WHAT YOU NEED TO DO: Without the pictures, restate all of the data below word for word.

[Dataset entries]
----

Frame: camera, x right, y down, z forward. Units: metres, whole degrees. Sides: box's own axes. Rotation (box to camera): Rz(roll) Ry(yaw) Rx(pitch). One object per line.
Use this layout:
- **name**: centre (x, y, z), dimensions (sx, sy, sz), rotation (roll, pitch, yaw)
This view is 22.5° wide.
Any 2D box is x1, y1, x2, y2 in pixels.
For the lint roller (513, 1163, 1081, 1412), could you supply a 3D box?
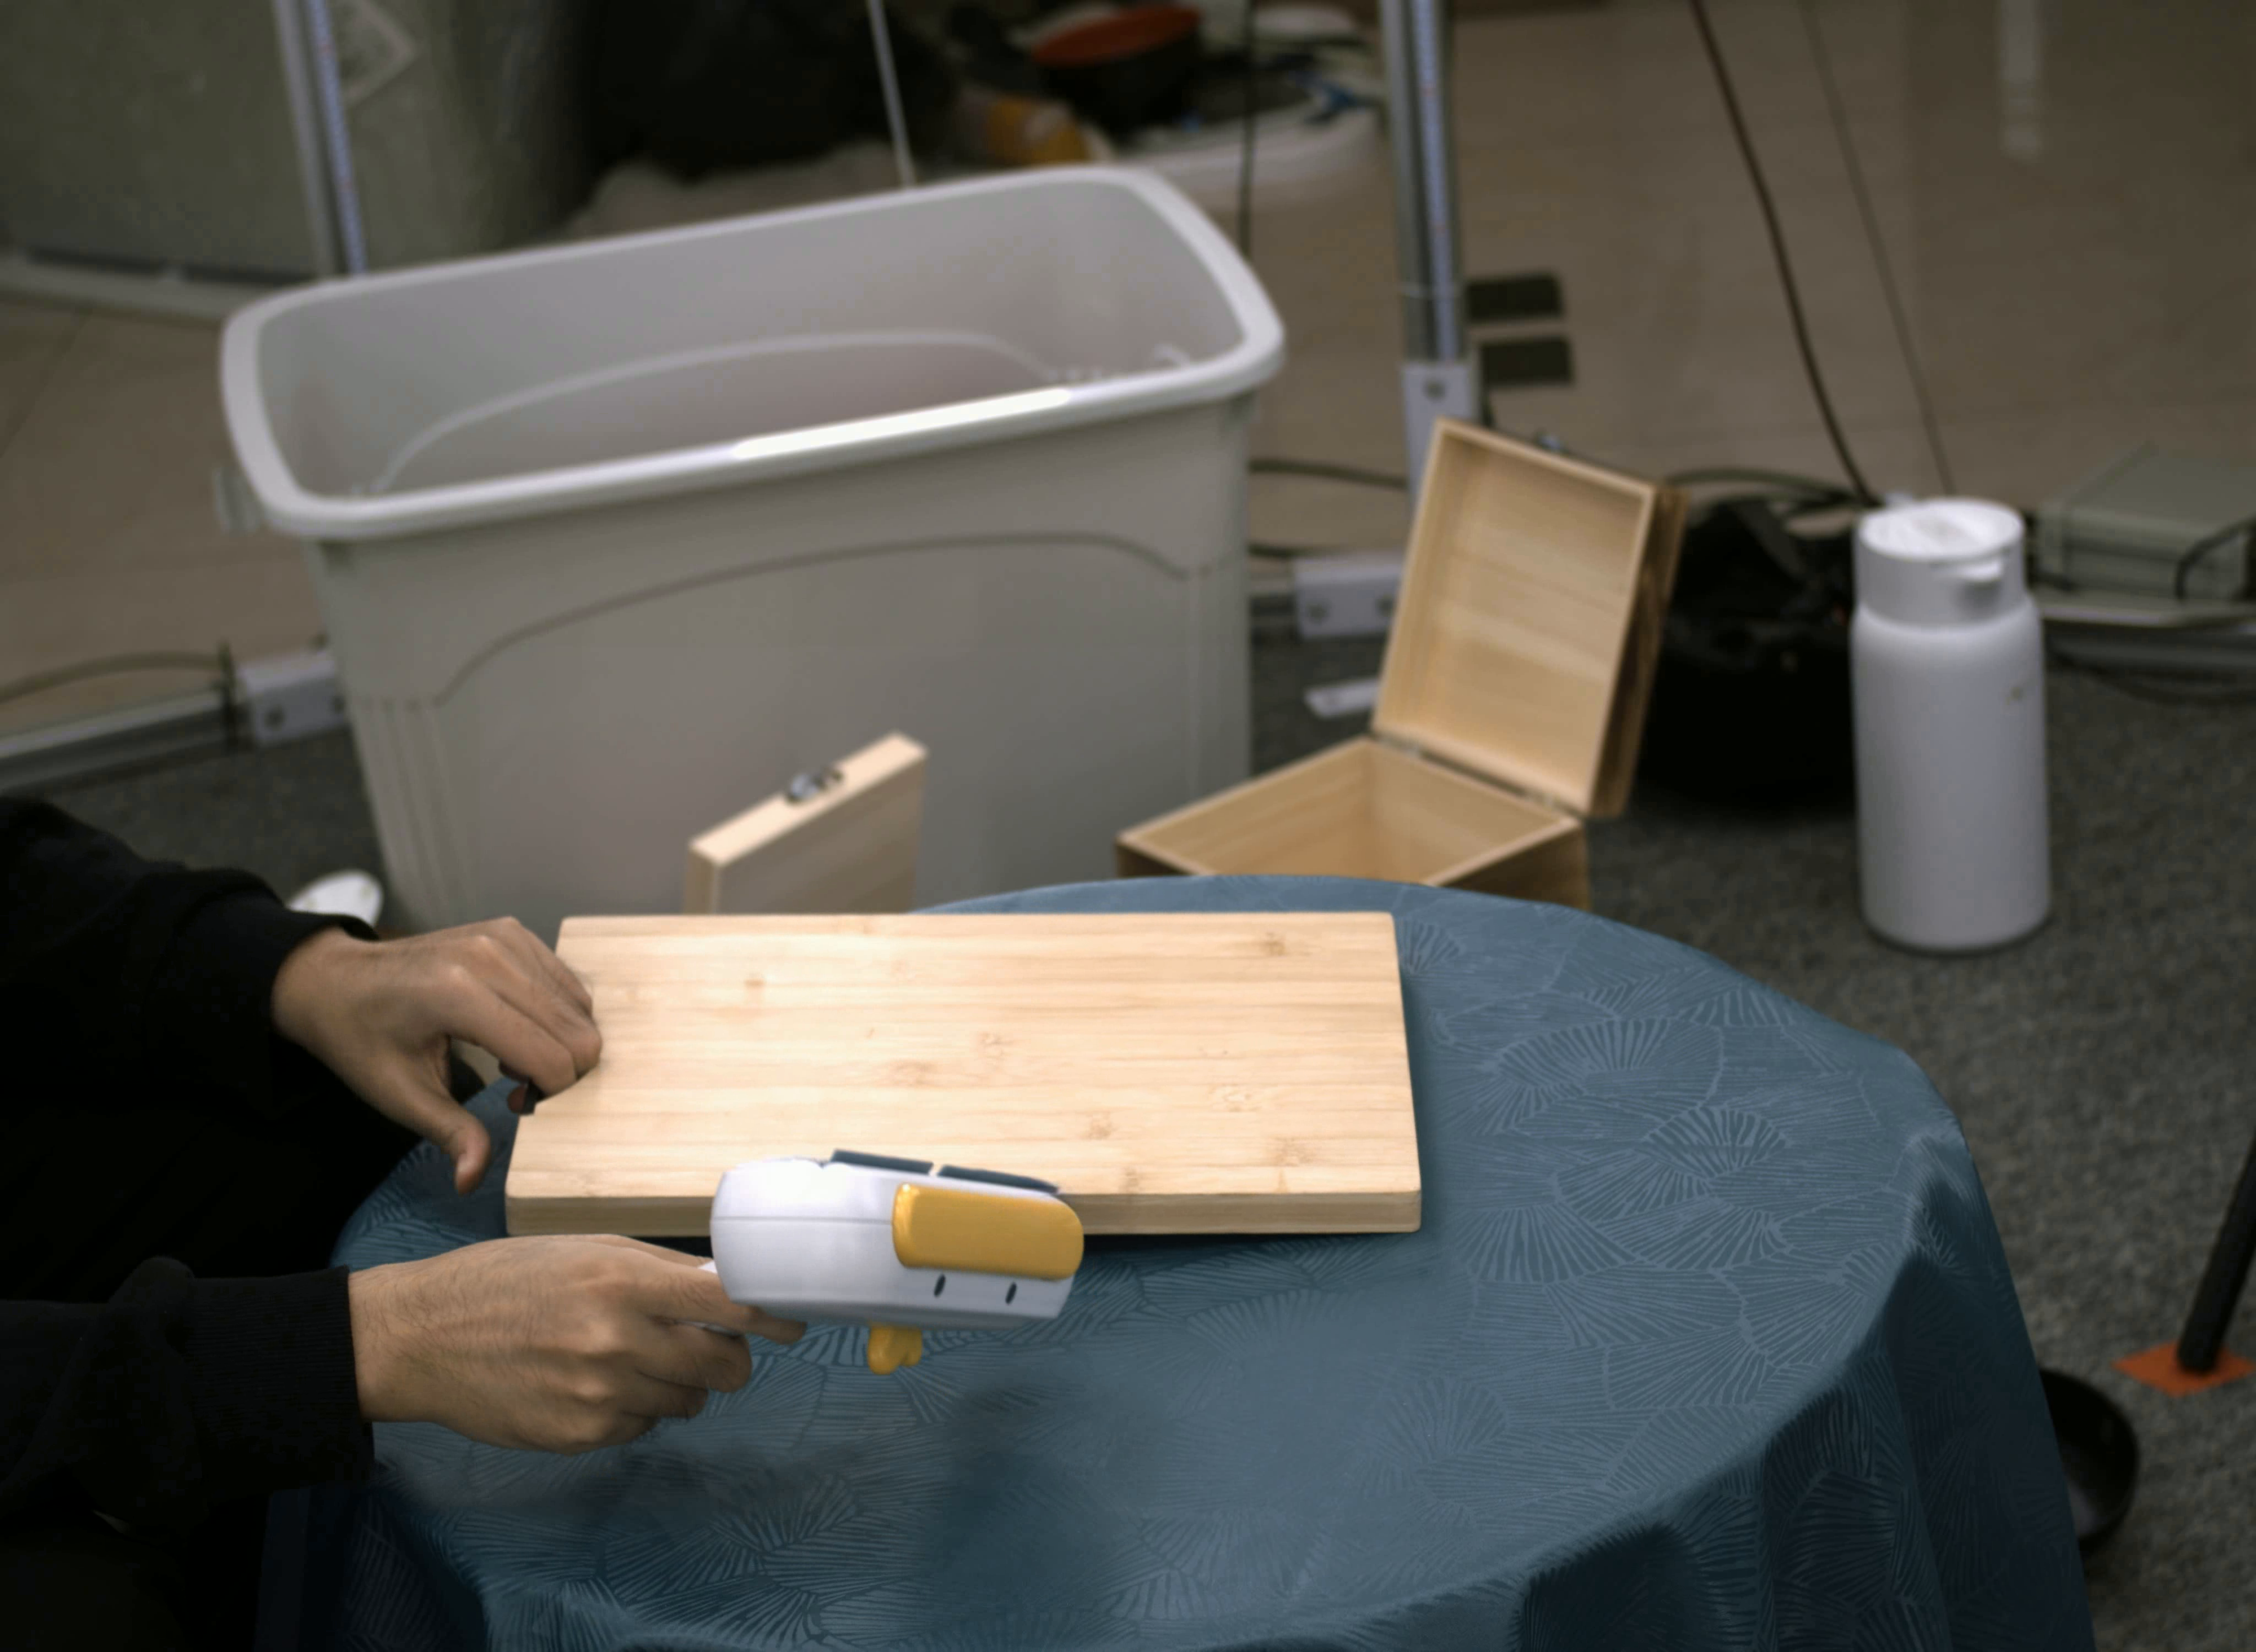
- **lint roller**: centre (-0.131, 0.161, 1.956), dimensions (0.192, 0.074, 0.193), rotation (-11, -6, 26)

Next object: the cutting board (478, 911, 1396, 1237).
- **cutting board**: centre (-0.067, 0.094, 2.199), dimensions (0.348, 0.024, 0.247), rotation (0, 25, 0)

----

RESPONSE TO THE TASK:
Frame: camera, x right, y down, z forward. Units: metres, whole degrees. Sides: box's own axes. Rotation (box to camera): Rz(roll) Ry(yaw) Rx(pitch). One object per line.
Use this layout:
- **name**: centre (x, y, z), dimensions (sx, sy, sz), rotation (roll, pitch, yaw)
This view is 22.5° wide.
Any 2D box is x1, y1, x2, y2 in pixels.
For the lint roller (513, 1163, 1081, 1412), could you supply a 3D box?
- **lint roller**: centre (-0.131, 0.161, 1.956), dimensions (0.192, 0.074, 0.193), rotation (-11, -6, 26)

Next object: the cutting board (478, 911, 1396, 1237).
- **cutting board**: centre (-0.067, 0.094, 2.199), dimensions (0.348, 0.024, 0.247), rotation (0, 25, 0)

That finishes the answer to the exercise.